Akşamın karanlığına, çakan şimşeklerin sesleri ve görüntüsü eşlik etti; göğün bağrında yanan alevler, gür bir nidayla kendisini hissettirirken koyu bir karanlık, arada bir çakan şimşeklerin öfkesini kusar gibi bir tavır takınıyordu.

Milli Haberalma Servisi…

Bardağındaki kahvenin kafein tadını genzine havale ediyor, boğazını ısıtan bir sıcaklıkla soğukluğunu gidermeye çalışıyor ve kulaklarına çarpan şimşek seslerine, içten içe besmeleler çekerek mukabilde bulunuyordu Musa; karşısındaki koltukta oturan Kaytan da aynı şekilde ısınmaya çalışırken sağ ve sol duvarda asılı olan ufo dedikleri ısıtıcılarla odanın ısınmasına şükürler savuruyorlardı.

“Keşke Kenan’ın aklına uymasaydık!” diye sızlanan Kaytan, Musa’nın:

“Ben de Bahri’nin ölmesinden yanaydım ama çocuğu da duydun! Eğer Bahri ölürse, Hamdi direkt Kenan’dan bilecek ve iş sarpa saracaktı. Onun için olmaz öyle!” demesiyle derin bir iç çekti.

“Bir pislik daha temizlenirdi hiç değilse!”

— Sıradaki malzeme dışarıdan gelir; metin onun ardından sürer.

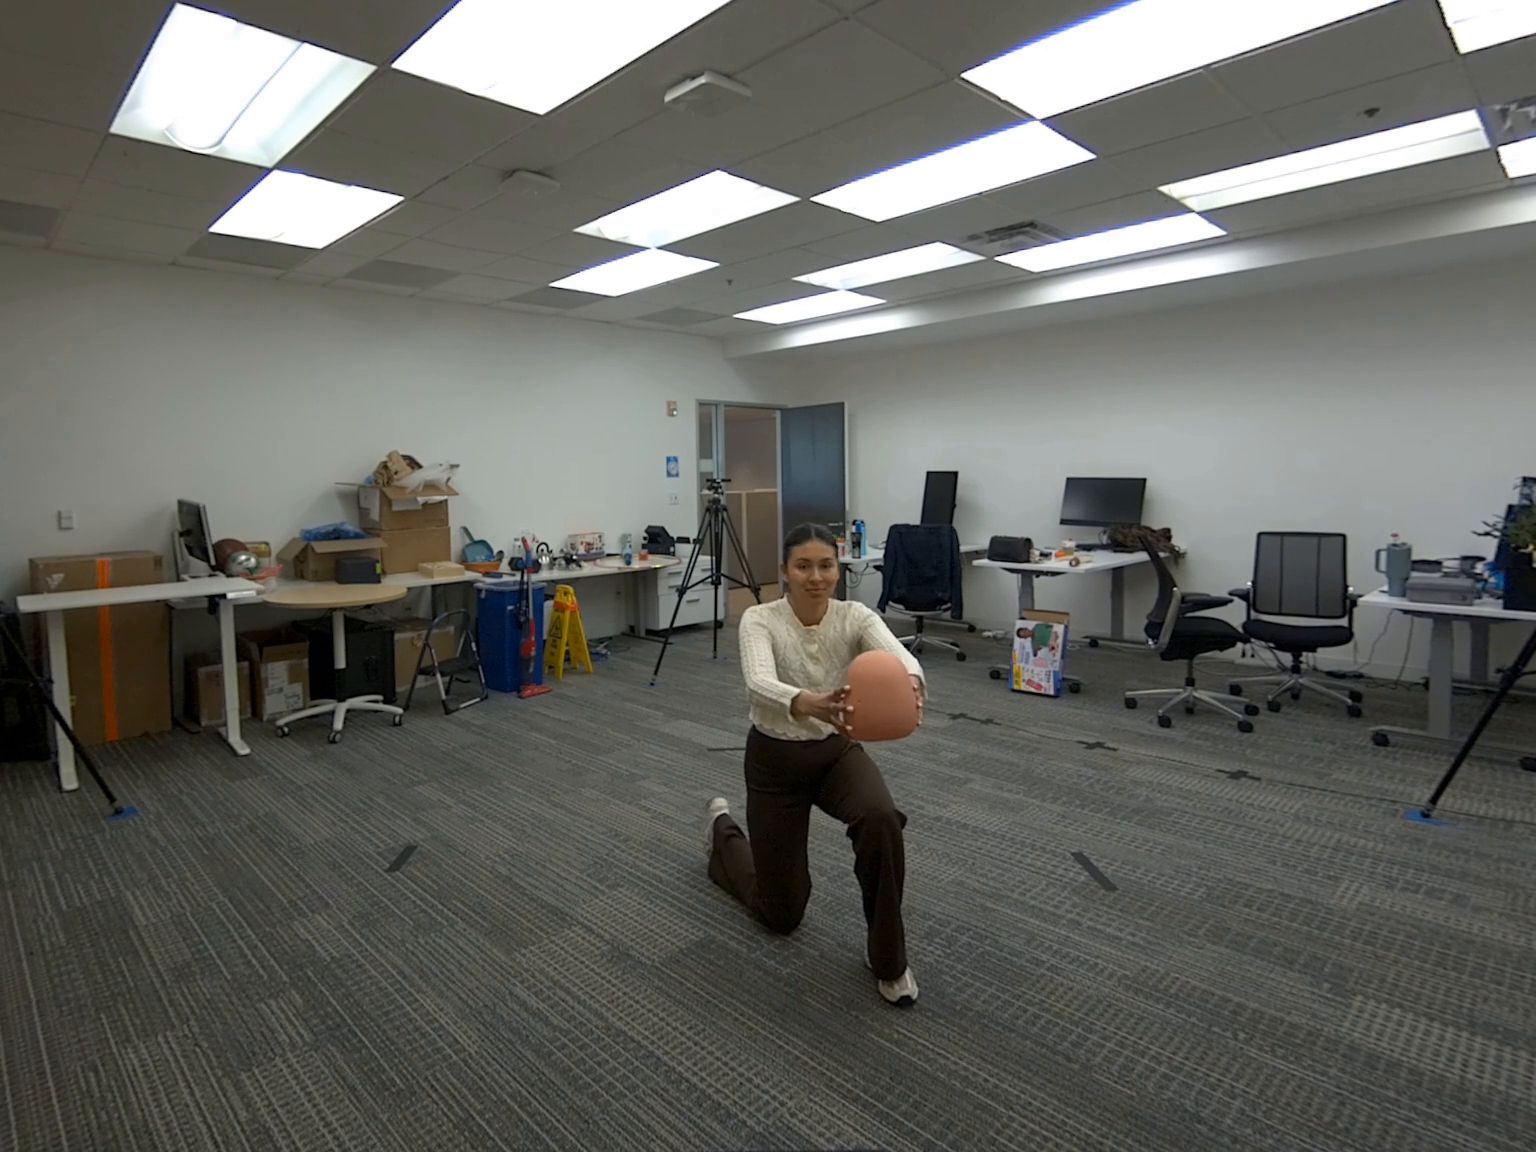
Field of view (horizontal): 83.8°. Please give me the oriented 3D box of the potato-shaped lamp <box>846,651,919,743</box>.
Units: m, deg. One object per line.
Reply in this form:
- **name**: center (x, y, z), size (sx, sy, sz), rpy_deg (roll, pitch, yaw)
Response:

“Temizleriz, sen merak etme!”

Kaytan gülümserken kapının çalmasıyla Musa, gel komutunu yollayıp Emrah’ın içeri girmesine sebep oldu. Emrah, Bahri’yi nasıl bıraktıklarını ve Kenan’ın onlardan sonra Bahri’yi nasıl alıp götürdüğünü anlatırken Musa ve Kaytan, kahvelerini yudumlayarak onu dinliyorlardı.

***

Arnavutköy/Yazgan Site…

“Yarın akşam, kuru bir nikahla evlenecek ve ertesi günde direkt Almanya’ya gideceksiniz!” diyen Mestan, karşısındaki koltukta, yan yana oturan Dildar ve Cem’den bakışlarını almıyor, daha katı ve sert bir şekilde onları göz hapsinde tutuyordu. İkisi de mahcup bir şekilde önüne bakıyor, Mestan’ın dediklerini sessiz bir şekilde dinliyordu.

“Cem, Almanya’daki işlerle ilgilenecek ve Mestan Yazgan’ın damadı olarak orada, adımı ve sanımı yerde bırakmayacak, anlaştık mı?”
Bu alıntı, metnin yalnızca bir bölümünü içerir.